ライカが中村義一氏にアドバイスを求めると、「簡単だ。一度焦点を合わせたらロックし、焦点を変えないよう患部を中心に顕微鏡を円運動させるようにする。それができる軸をセットする機構にすれば良い。」と答えた。
三鷹光器はこのメカニズムによる脳外科手術用顕微鏡を完成させた。
そして、その製品をライカが販売・アフターサービスすることで提携がまとまった。
その後も次々と新しいアイデアを組み込んだ製品を開発、現在、世界中で三鷹光器の脳外科手術用顕微鏡が使われている。

 中村義一氏は、戦時中、国民学校高等科(今の中学校に当たる)の時に学徒動員で練習機の翼の製作をした。
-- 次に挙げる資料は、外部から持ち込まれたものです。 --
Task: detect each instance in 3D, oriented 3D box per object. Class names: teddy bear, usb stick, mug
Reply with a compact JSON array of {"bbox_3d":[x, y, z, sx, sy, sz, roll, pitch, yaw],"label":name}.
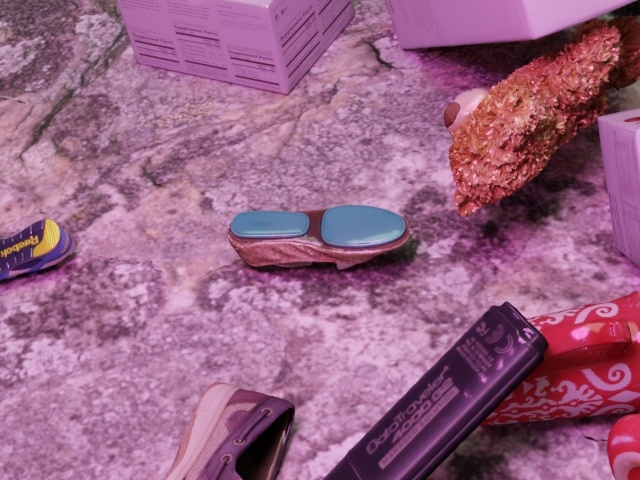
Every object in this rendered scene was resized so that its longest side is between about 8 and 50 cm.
[{"bbox_3d":[0.242,-0.158,1.280,0.338,0.113,0.245,-37,4,-24],"label":"teddy bear"},{"bbox_3d":[0.087,0.171,1.011,0.278,0.045,0.077,-47,38,8],"label":"usb stick"},{"bbox_3d":[0.221,0.104,1.067,0.169,0.150,0.113,-10,41,9],"label":"mug"}]

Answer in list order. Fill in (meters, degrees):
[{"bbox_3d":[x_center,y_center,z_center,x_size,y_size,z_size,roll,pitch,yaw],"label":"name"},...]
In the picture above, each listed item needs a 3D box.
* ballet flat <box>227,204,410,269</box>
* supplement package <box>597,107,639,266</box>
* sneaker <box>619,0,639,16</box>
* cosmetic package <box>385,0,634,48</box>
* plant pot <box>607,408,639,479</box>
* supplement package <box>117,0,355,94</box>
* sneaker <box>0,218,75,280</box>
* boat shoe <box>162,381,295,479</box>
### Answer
[{"bbox_3d":[0.000,0.000,1.280,0.206,0.067,0.073,3,50,12],"label":"ballet flat"},{"bbox_3d":[0.395,-0.062,1.127,0.194,0.149,0.203,-10,9,4],"label":"supplement package"},{"bbox_3d":[0.466,-0.396,1.571,0.234,0.078,0.106,-34,49,-18],"label":"sneaker"},{"bbox_3d":[0.237,-0.343,1.364,0.230,0.161,0.453,-22,12,-9],"label":"cosmetic package"},{"bbox_3d":[0.349,0.167,0.936,0.174,0.191,0.191,-41,50,-20],"label":"plant pot"},{"bbox_3d":[-0.118,-0.342,1.607,0.262,0.145,0.204,16,50,26],"label":"supplement package"},{"bbox_3d":[-0.357,0.020,1.362,0.144,0.059,0.053,-16,73,20],"label":"sneaker"},{"bbox_3d":[-0.089,0.243,1.027,0.092,0.103,0.285,-3,38,17],"label":"boat shoe"}]

他の生徒が飛行場の防空壕掘りをやらされる中、彼だけは飛行機関係の仕事を与えられ、翼製作の次は機体補修、そして最後はエンジン補修に回された。
戦後は食べるのに精一杯、高等科より上には進まなかった。16歳の時に、近所から残材を拾い集めて来て、自分で家を建てた。その家に実に40年間も住んだ。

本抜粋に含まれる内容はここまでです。